Private Loans - true or false
January 11th, 2008 by maceyPrivate Loans
True or false – Every time a lender looks at your credit report, your FICO score takes a hit. The answer to this question actually falls somewhere between true and false. “Hard” inquiries into your credit report can have a negative effect depending upon how frequently occur. “Soft” inquiries, on the other hand, do not impact your score in the slightest.
By definition, hard inquiries in the credit world refer to inquiries conducted by lenders after you have asked them to extend you credit. Whether it is for a private student loan or student car loans, nearly every time you apply for credit, the lender checks your credit history to determine if you care capable of managing the debt.
Financial experts advise students seeking private school loans of any sort to apply with caution. This warning serves two purposes. First, when a student initially applies for credit, the inquiry from a lender does not hurt his or her score. However, once a credit report has had more than two inquiries in a 12 to 18 month period, you run the risk of seriously lowering your FICO score. Second, traditional college students (especially freshman and sophomores) have yet to build a solid credit history. If they make the mistake of applying over and over again for credit (that they can’t get because their don’t have a history), they end up damaging their credit even more. While it is unclear just how bad hard inquiries can hurt your credit, some financial experts estimate that a consumer loses six to 12 points per inquiry (outside the two per year theory).
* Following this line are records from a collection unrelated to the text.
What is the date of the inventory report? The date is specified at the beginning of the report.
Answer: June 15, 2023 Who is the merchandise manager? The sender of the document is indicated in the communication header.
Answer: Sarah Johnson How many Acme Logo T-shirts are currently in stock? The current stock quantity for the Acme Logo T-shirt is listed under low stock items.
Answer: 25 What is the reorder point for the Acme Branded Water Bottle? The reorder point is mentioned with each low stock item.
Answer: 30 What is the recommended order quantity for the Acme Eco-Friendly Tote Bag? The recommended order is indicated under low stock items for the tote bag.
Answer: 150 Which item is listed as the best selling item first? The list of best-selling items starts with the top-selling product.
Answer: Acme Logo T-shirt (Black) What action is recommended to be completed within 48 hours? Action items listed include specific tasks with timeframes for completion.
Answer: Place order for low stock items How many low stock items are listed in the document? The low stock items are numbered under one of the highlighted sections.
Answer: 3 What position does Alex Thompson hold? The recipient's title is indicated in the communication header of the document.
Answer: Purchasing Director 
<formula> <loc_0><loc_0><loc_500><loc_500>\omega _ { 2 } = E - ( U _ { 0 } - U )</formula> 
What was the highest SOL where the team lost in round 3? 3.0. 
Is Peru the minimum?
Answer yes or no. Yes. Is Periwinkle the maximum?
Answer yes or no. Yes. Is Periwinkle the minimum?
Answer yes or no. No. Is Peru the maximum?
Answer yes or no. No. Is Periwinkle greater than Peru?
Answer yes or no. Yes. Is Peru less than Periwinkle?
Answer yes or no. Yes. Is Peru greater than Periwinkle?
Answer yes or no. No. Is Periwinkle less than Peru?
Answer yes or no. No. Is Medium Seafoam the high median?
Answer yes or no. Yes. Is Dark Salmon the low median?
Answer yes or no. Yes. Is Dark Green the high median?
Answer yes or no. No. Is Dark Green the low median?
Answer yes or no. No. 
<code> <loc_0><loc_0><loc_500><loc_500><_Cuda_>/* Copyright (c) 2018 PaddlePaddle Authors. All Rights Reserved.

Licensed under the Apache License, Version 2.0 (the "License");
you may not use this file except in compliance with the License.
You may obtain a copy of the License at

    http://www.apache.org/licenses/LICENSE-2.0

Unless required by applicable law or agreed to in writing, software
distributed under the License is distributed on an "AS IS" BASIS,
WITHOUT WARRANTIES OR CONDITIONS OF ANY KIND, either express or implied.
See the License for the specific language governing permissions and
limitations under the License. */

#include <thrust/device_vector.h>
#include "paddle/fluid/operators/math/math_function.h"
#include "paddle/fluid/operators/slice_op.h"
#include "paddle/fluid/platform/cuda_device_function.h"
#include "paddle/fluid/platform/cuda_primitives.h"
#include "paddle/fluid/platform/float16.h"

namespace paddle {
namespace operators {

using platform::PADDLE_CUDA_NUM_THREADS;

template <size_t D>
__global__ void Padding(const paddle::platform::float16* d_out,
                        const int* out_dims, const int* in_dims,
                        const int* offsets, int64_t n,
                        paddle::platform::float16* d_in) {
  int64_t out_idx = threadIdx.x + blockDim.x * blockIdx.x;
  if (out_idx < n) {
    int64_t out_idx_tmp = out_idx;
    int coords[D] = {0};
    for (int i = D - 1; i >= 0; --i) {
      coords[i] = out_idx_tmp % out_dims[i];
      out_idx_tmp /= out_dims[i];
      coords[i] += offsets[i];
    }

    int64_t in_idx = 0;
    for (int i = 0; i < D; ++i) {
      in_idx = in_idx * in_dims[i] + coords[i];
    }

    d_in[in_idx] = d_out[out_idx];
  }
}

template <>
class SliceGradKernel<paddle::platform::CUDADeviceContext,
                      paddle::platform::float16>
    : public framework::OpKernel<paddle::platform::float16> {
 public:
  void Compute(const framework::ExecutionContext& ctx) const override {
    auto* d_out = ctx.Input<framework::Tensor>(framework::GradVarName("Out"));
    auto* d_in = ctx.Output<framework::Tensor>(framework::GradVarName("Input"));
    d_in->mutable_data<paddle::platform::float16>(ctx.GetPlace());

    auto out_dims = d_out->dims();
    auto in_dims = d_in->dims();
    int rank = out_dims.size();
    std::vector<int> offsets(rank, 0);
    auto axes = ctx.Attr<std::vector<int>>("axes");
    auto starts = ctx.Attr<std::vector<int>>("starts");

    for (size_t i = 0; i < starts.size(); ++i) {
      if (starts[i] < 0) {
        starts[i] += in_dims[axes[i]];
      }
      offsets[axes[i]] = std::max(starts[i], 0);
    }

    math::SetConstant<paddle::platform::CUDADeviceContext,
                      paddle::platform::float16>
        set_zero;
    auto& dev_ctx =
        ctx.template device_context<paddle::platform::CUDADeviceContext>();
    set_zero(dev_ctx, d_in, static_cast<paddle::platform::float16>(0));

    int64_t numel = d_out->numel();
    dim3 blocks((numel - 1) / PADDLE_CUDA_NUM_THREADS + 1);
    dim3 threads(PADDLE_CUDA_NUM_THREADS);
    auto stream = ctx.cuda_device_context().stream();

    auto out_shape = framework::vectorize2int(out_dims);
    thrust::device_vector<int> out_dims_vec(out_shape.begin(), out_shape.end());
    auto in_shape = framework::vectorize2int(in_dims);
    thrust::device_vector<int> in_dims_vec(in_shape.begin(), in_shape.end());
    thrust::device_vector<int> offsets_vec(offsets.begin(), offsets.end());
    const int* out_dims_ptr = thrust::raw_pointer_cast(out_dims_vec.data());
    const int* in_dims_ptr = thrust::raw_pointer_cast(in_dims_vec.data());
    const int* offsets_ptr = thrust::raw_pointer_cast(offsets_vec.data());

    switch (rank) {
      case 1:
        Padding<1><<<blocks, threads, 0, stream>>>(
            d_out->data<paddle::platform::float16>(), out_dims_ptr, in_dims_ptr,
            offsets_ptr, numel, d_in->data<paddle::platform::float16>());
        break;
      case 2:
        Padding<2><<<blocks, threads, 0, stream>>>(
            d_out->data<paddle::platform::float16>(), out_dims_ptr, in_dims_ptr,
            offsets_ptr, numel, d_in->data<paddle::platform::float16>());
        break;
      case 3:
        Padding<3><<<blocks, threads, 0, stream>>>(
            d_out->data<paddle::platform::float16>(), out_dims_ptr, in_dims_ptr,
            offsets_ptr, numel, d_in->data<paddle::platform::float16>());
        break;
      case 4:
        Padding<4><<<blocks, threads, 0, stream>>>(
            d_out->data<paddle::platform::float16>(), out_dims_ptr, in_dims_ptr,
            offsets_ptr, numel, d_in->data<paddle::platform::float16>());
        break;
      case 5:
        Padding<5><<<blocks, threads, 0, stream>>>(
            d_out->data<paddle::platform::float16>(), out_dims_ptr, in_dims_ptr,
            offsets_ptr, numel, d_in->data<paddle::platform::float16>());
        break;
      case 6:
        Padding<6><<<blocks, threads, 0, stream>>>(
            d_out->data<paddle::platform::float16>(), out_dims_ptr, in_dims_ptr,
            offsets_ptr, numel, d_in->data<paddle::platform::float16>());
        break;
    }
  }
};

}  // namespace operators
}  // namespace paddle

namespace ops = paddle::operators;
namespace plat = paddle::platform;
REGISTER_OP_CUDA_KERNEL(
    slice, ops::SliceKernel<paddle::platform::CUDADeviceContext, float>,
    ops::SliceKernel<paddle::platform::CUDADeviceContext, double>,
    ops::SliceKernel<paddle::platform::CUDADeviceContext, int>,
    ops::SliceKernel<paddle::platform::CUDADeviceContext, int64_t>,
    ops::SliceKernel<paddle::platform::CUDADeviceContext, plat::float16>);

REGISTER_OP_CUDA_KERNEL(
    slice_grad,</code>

Soft inquiries are also facilitated by lenders seeking to extend you credit. The difference is these creditors check your credit because they are interested in offering you credit. An example of soft credit inquiries would be inquiries administered by lenders of a college student credit card, private loans, and student college loans. Soft inquiries usually pre-qualify a borrower for different types of private loans. When the borrower receives a pre-qualified credit application and opts to submit the application, he or she is most likely subjected to a hard inquiry at the time.